# Had a good tip last night :) How I turned a $6.29 ride into a $22.29 ride :)



## Sueron (Sep 16, 2016)

Went to pick up a ride, all older adults. Once I got there they fiddled around, and I was getting tired of waiting. Total fare was $8.39. Finally got them in the car, son of riders knew I was getting fed up with the long wait. Then tiped me $8.00 before the start of the ride. Once I got the parents to destination, he enjoyed the ride and conservation, he tiped me another $8.00. Last ride of the day and home by 1:30 am.


----------



## steveK2016 (Jul 31, 2016)

Technically, you didn't turn anything into anything. You just got lucky that you got a pax that believed in tipping and was feeling generous that night. Could have easily turned around with any other given pax and you'd been left with just $8.39 even if you did everything completely identical.

I had a group of 4 wanting to be delivered in 4 different locations.

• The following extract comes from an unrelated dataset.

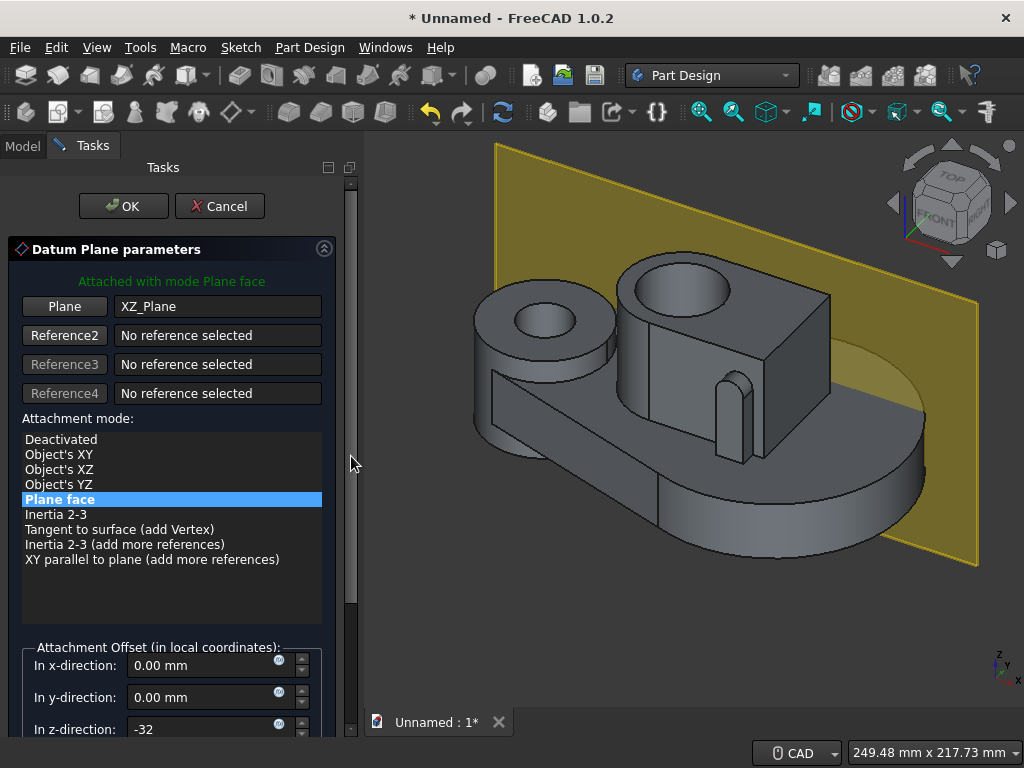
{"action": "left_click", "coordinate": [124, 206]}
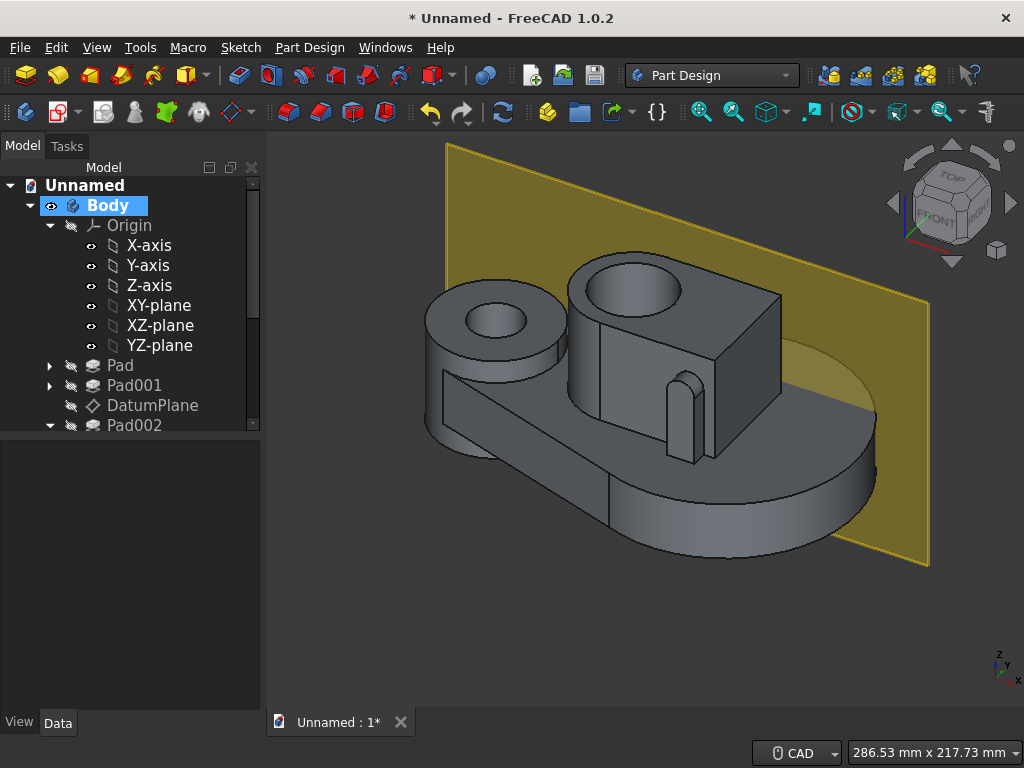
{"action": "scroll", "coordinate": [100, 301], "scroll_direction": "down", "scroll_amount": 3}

Good long run from Buckhead (Atlanta's version of an Uptown) to outside the perimeter in the suburbs. $24 fair, all destinations updated within the app... then the last guy got out and handed me a $20. Same ride with anyone else and there'd been no $20... it's purely luck of the draw... this was also last ride of the day and brought me real close to home, so it was perfect. I did nothing special to "turn" a $24 into a $44 fare, it was just luck that this drunk guy was feeling generous.


----------